Testing for uniformity is done by plotting a histogram showing the distribution of the points in the interval [0, 1].
- Use enough bins for the histogram to provide a clear idea of the shape of the distribution.
- Use enough points that every bin in the histogram contains a large number - the more points the better.
Testing for pairwise correlation is done by plotting successive pairs (u_i, u_i+1) as points in the plane.
- Use lots of points, to see how effectively the points fill the unit square.
- Use a small marker size, so that markers do not overlap.

Estimating Pi¶

The circle is contained in a bounding box [-1, 1] $\times$ [-1, 1] in the xy-plane.
Use rand to generate a large number of points, then scale the output of this function so that points (x, y) are uniform inside this box. An appropriate transformation is u → 2u - 1.
Use hypot to find the value of r corresponding to each (x, y) pair.
A point (x, y) is inside the circle if r < 1.

Bernoulli Random Variables¶

Treat each point as a Bernoulli random number with p = 0.60.
Numerically estimate Serena’s probability of winning a game by running a large number of games, each of which consists of 7 points. We want the proportion of games where Serena scores 4 or more points.
The most compact way to do this is to start with a 2D NumPy array of shape (7, ngames) generated using rand.
A combination of operations applied directly to this array (to turn a uniform random number into a Bernoulli random number, for example), and an axis-dependent operation (for counting the points per game), will allow the result to be found without using any “for” loops.

Generating Histograms of M-Tuple Sums¶

Use rand to create a 2D NumPy array of shape (M, npts).
Sum all the M-tuples using sum as an axis-dependent operation i.e. by specifying which axis to sum over.

Finding the “Right” Scaling¶

The “right” scaling is a function of M. When divided by this scaling, the histograms produced for different values of M should converge to the same distribution as M increases without bound.
For each histogram generated for a different value of M, first subtract the mean (M/2) to shift the histogram so that it is centered on zero.
Use the normed=True keyword argument to hist to turn the histogram into a probability distribution.
Consider using the histtype='step' keyword argument when plotting multiple histograms on the same axes. This just plots the outline of a histogram, so it may be easier to see when convergence is happening.

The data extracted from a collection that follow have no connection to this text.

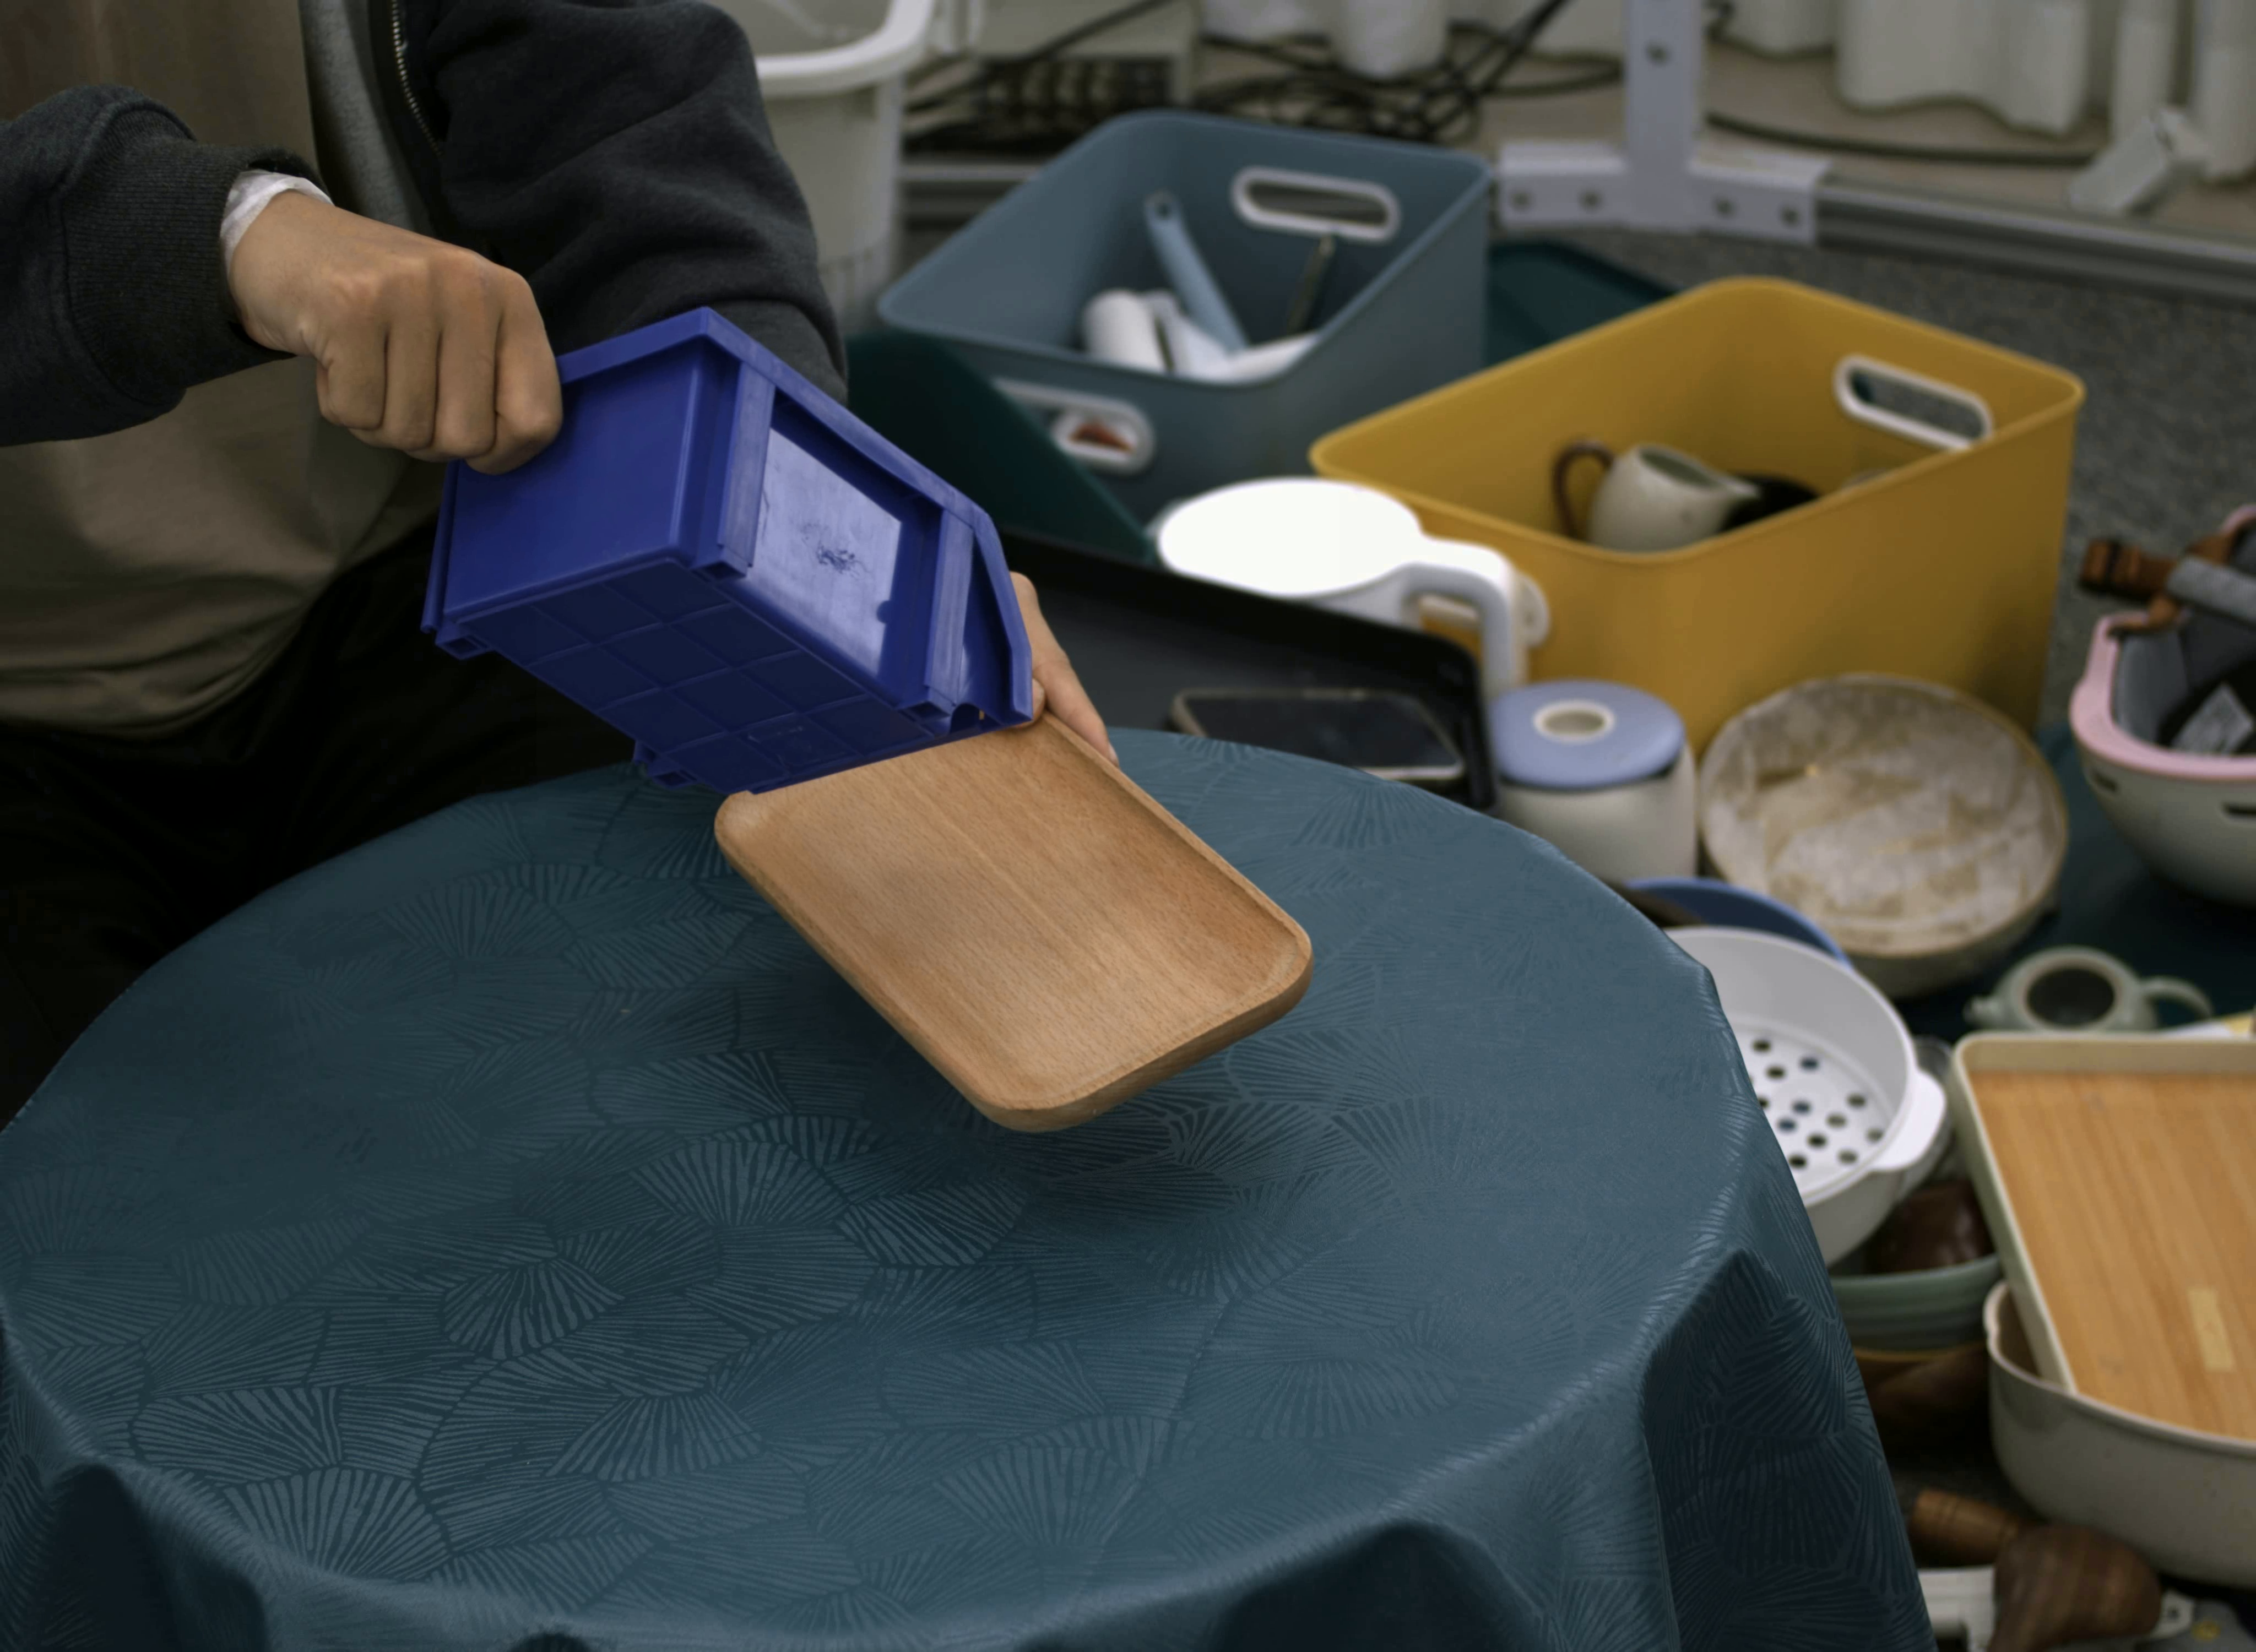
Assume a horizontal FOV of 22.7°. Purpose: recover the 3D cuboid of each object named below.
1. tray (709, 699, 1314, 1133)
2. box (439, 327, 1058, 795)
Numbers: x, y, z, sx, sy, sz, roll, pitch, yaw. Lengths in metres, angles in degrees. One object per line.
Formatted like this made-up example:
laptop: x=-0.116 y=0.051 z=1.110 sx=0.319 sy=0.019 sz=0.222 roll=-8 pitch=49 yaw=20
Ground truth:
tray: x=-0.042 y=0.024 z=1.914 sx=0.131 sy=0.022 sz=0.252 roll=-24 pitch=34 yaw=-19
box: x=-0.125 y=-0.076 z=1.835 sx=0.123 sy=0.178 sz=0.083 roll=-16 pitch=60 yaw=35
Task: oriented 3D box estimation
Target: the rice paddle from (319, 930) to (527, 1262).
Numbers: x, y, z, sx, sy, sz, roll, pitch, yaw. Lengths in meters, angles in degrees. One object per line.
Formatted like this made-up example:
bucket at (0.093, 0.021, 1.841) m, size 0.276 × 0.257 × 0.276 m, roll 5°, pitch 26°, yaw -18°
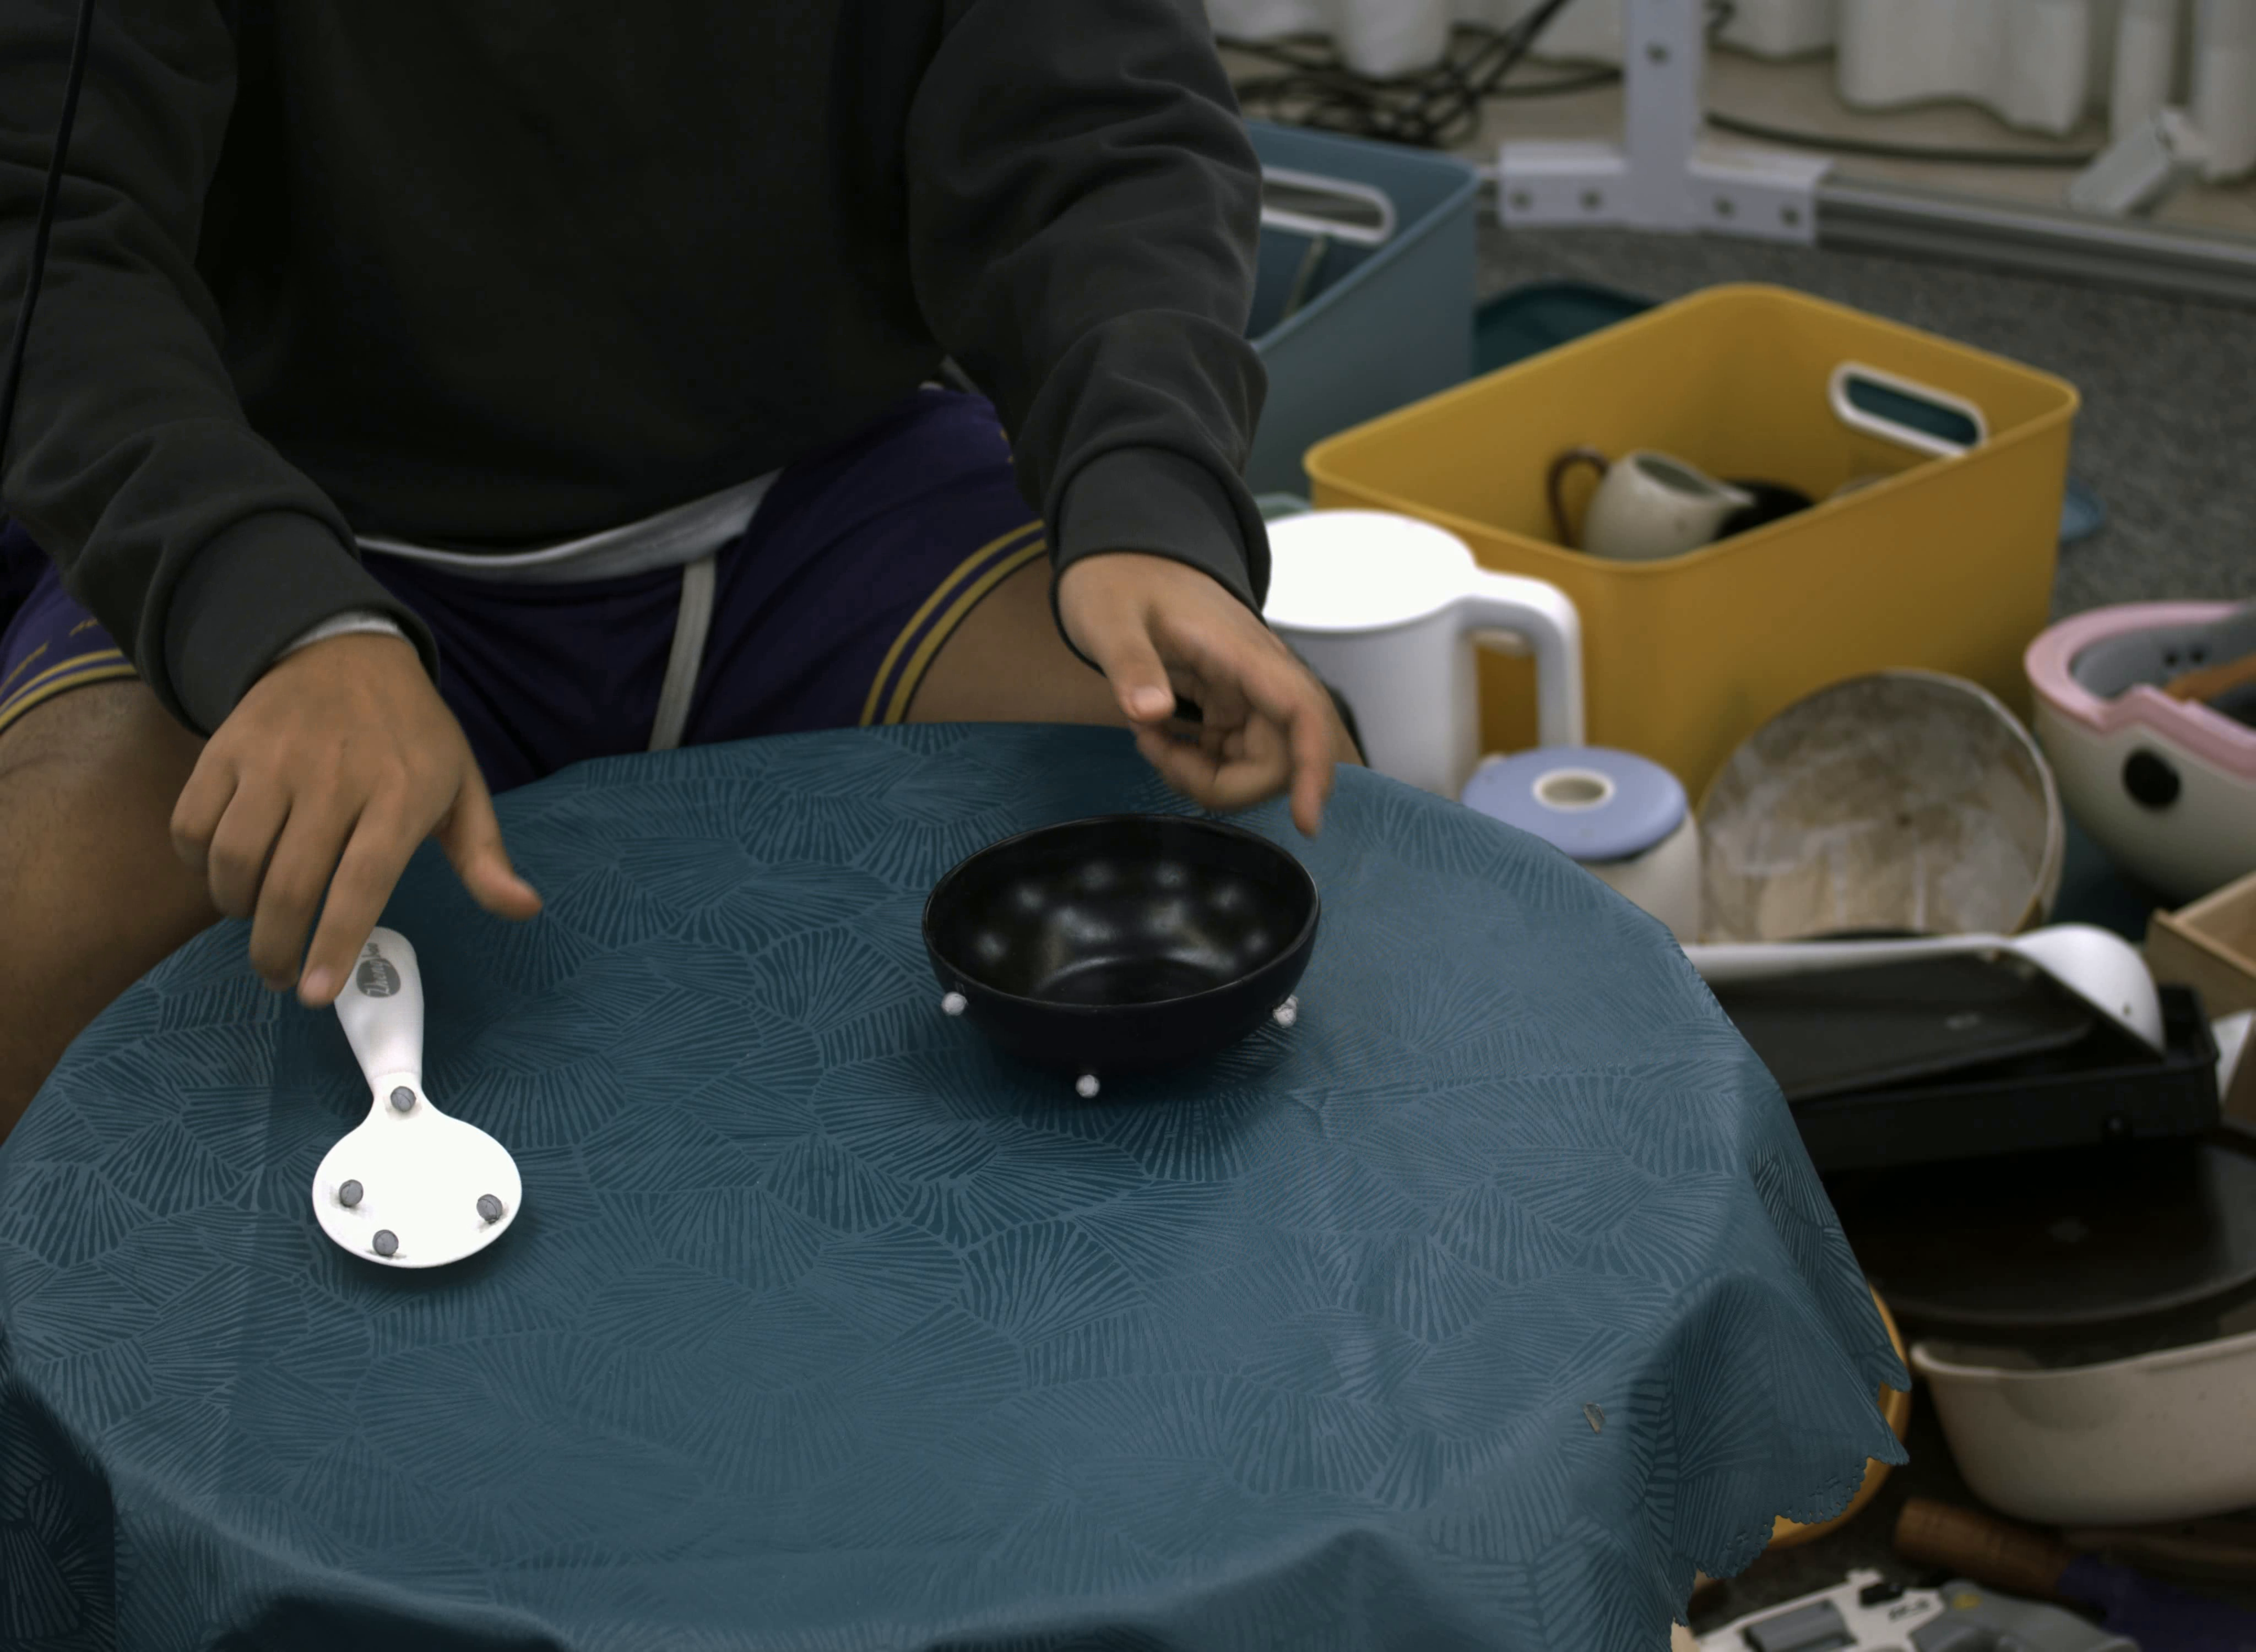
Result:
rice paddle at (-0.247, 0.094, 1.908) m, size 0.069 × 0.029 × 0.207 m, roll -8°, pitch 27°, yaw -11°

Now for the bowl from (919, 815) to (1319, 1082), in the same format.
bowl at (-0.002, 0.050, 1.950) m, size 0.139 × 0.049 × 0.142 m, roll -3°, pitch 27°, yaw 2°

The Exponential Distribution¶

Construct a function g(u) so that t = g(u) has the exponential pdf p(t). Remember from class that the steps to construct this function are:
1. Let $u = \int p(t) dt$
2. Plug in your probability density function p(t), and integrate to find u as a function of t.
3. Solve for t as a function of u, given by t = g(u).
Sum M-tuples of large numbers of samples drawn from p(t) using t = g(u). Remember that using a NumPy 2D array of shape (M, npts) will allow this kind of summing to be performed very efficiently.

To Switch or Not to Switch¶

Use an integer from the set {1, 2, 3} to represent each box.
Use numpy.random.randint to randomly select winning boxes for a large number of trials.
Construct an array of box choices made using each of the two strategies.
Compare the winning box to your choice in both cases using ==, then use np.sum to sum the number of wins.

Plotting the Changing Stock Prices¶

The random ε term needs to be calculated separately for every step.
A “for” loop will be needed since the stock price each day is calculated from the previous day.
Prices {s(0), s(1), ..., s(365)} should be saved either to a list or into an array.
Plot enough stock prices to see how much variation there is in the different stock trajectories.
Note that plot can be passed a 2D array to plot. When this is done, each column is plotted as a separate line.

Plotting the Histogram of Final Prices¶

A large number of stock prices need to be tracked to get a good idea of the final distribution.
A 1D array can be used to store the current prices of the different stocks. These prices can all be updated together each day inside the “for” loop.
After the “for” loop is complete, this 1D array will contain the final price for every stock.

Analyzing the Distribution of Final Prices¶

The array of final stock prices can be used to find both the expected value, the likelihood of losing money, and the “most likely” value of the investment after 1 year.